August 28, 2004 16:48 | Political

Center cut

Jim Moore's Journal: Addiction to the Center

Friend Jim makes a dire observation:

This reminds me of the alcoholic wag who said, "I have lost my wife and family, my job, my health--and my memory is getting poor.  Of course I drink!  What the hell would you do?"


Here is the same line from the DLC:  "The Democratic Party has lost the Senate, the House, and the Presidency.  People see us as unprincipled and without vision.  Of course we need to run like Republicans!  What the hell would you do?"

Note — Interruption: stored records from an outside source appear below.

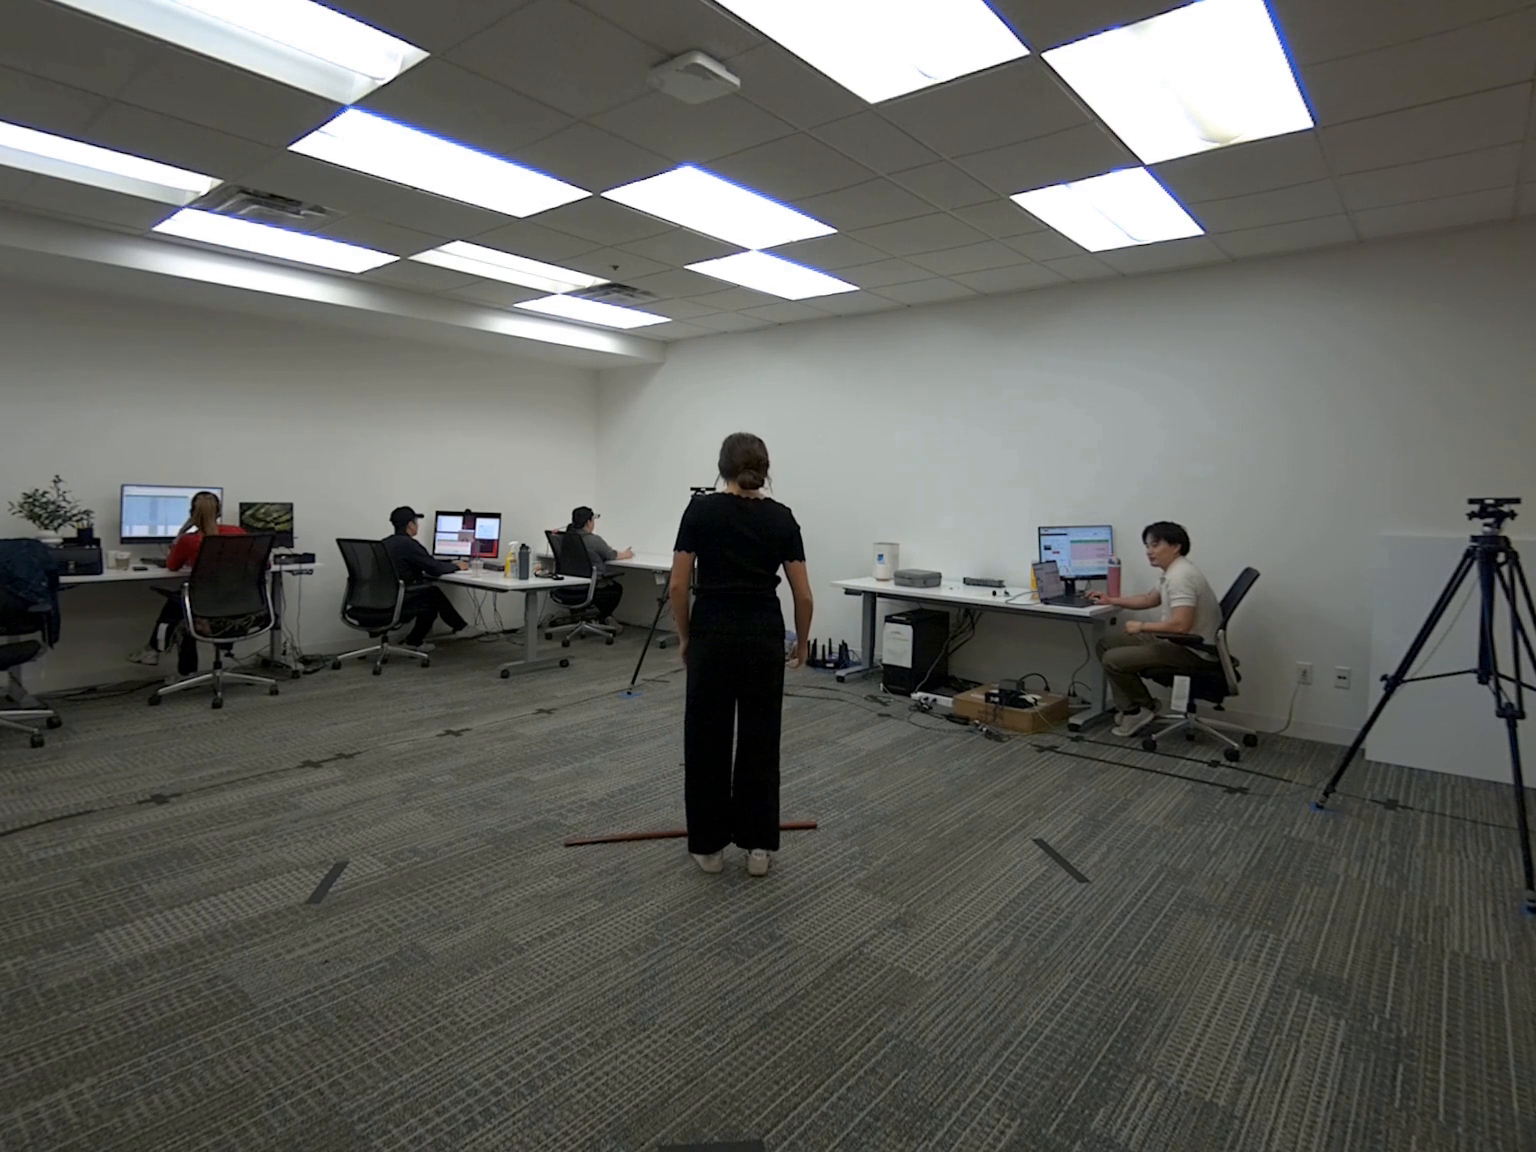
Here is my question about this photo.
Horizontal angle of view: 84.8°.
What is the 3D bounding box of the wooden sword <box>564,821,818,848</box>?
[{"bbox_3d":[-0.309,1.018,3.396,1.011,0.024,0.052,-1,7,-12],"label":"wooden sword"}]
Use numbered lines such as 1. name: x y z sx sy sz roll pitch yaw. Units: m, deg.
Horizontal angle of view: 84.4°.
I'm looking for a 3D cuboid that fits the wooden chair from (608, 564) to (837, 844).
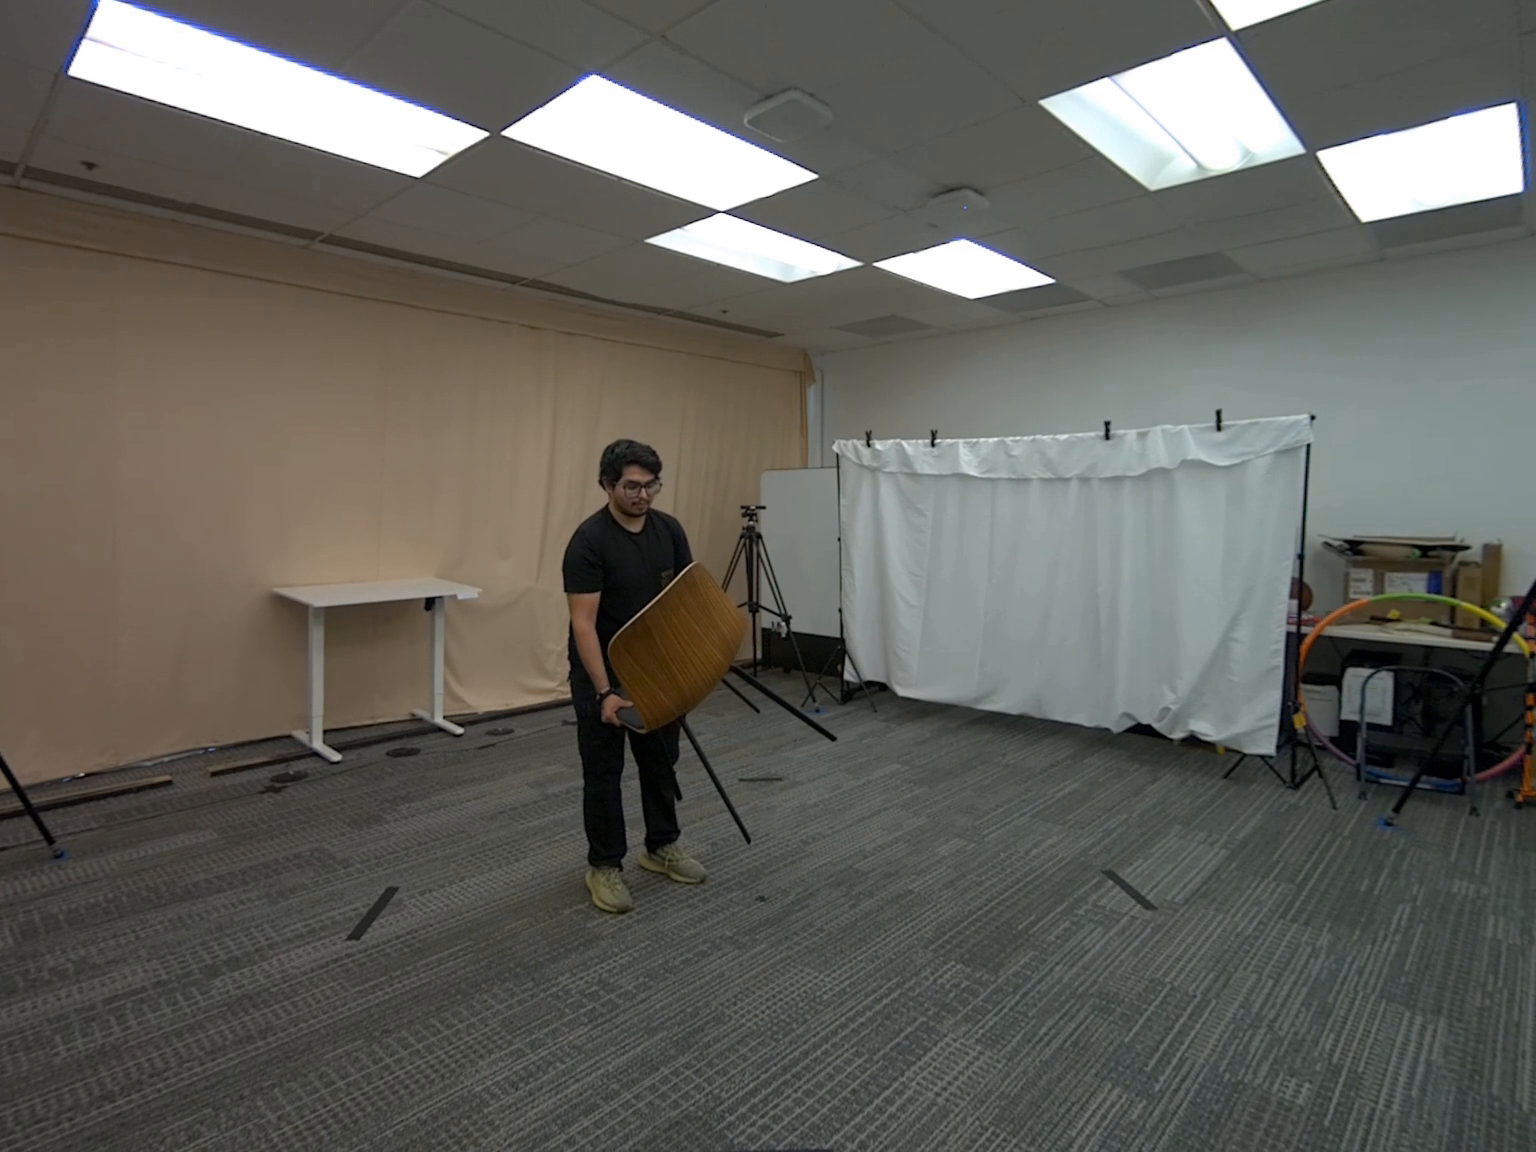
1. wooden chair: -0.258 0.354 2.731 0.474 0.854 0.541 -45 30 -23

There is a rather precise definition of addiction, in cybernetic terms:

  1. A signal indicates that a problem has been encountered that requires the system to make a change in its behavior.  For example, losing one's health might be a signal to an alcoholic to stop drinking and seek recovery with the support of Alcoholics Anonymous.
  2. The operator of the system turns off the signal, or turns off awareness of the signal.  This action is generally called a "palliative"--i.e., it makes you feel better, but does not cure the true problem.  In the case of the alcoholic, further drinking turns off anxiety, guilt, shame, depression--at least temporarily.
  3. Because the underlying problem  has not been addressed, the condition of the system continues to decline.
  4. [Return to #1, and loop the program again.]

/.../

Most Americans are tired of right and left--tired, frankly of Republicans as well as Democrats.  Look, please, at the polls on non-voting and the expansion in numbers of independent voters. Most Americans would like a  newspectrum entirely, a new perspective.  Americans would--I believe--reward a party that creatively reframed our fundamental challenges.

/.../

A Democratic victory, however wide [or narrow -ed.], will not be a victory of ideas, but of tactics.  It will not have advanced political thought in our country, it will have further demeaned it.

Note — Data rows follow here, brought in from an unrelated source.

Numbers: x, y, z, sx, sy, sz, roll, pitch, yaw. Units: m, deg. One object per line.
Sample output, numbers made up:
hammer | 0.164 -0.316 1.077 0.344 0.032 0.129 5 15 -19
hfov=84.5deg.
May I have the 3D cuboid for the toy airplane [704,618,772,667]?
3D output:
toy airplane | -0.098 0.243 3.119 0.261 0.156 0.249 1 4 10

We will not be on the road to recovery, we will be one loop deeper into addiction.  And as a nation, the process of this campaign is likely to leave us more misinformed, less effectively led, and more turned off.

/.../

Unfortunately Democrats may have a hell of a hangover from the campaign--having spent millions of dollars promoting a Republican point of view.

Remind me to rant about the Center... and how this election is not about progress or any such thing. It's about slamming the brakes. Not just on the hawks, the Reps et al, but the whole damn thing.

Comments

It seems like the time is ripe for the old duopoly to splinter. Like a dividing embryo that evolves into a more complex creature, the internal divisions within the Two Big Parties themselves seem ready to splinter into multiple parties. There are honourable Republicans who are dismayed at the actions of the present Administration, for example, and there are Dems like "Joementum" Lieberman who are Republican in all but party affiliation. Look at the slate of candidates for the Democratic leadership this past year; could each of these candidates not claim to represent at least some of the people all of the time? (Yes, even Dennis Kucinich!)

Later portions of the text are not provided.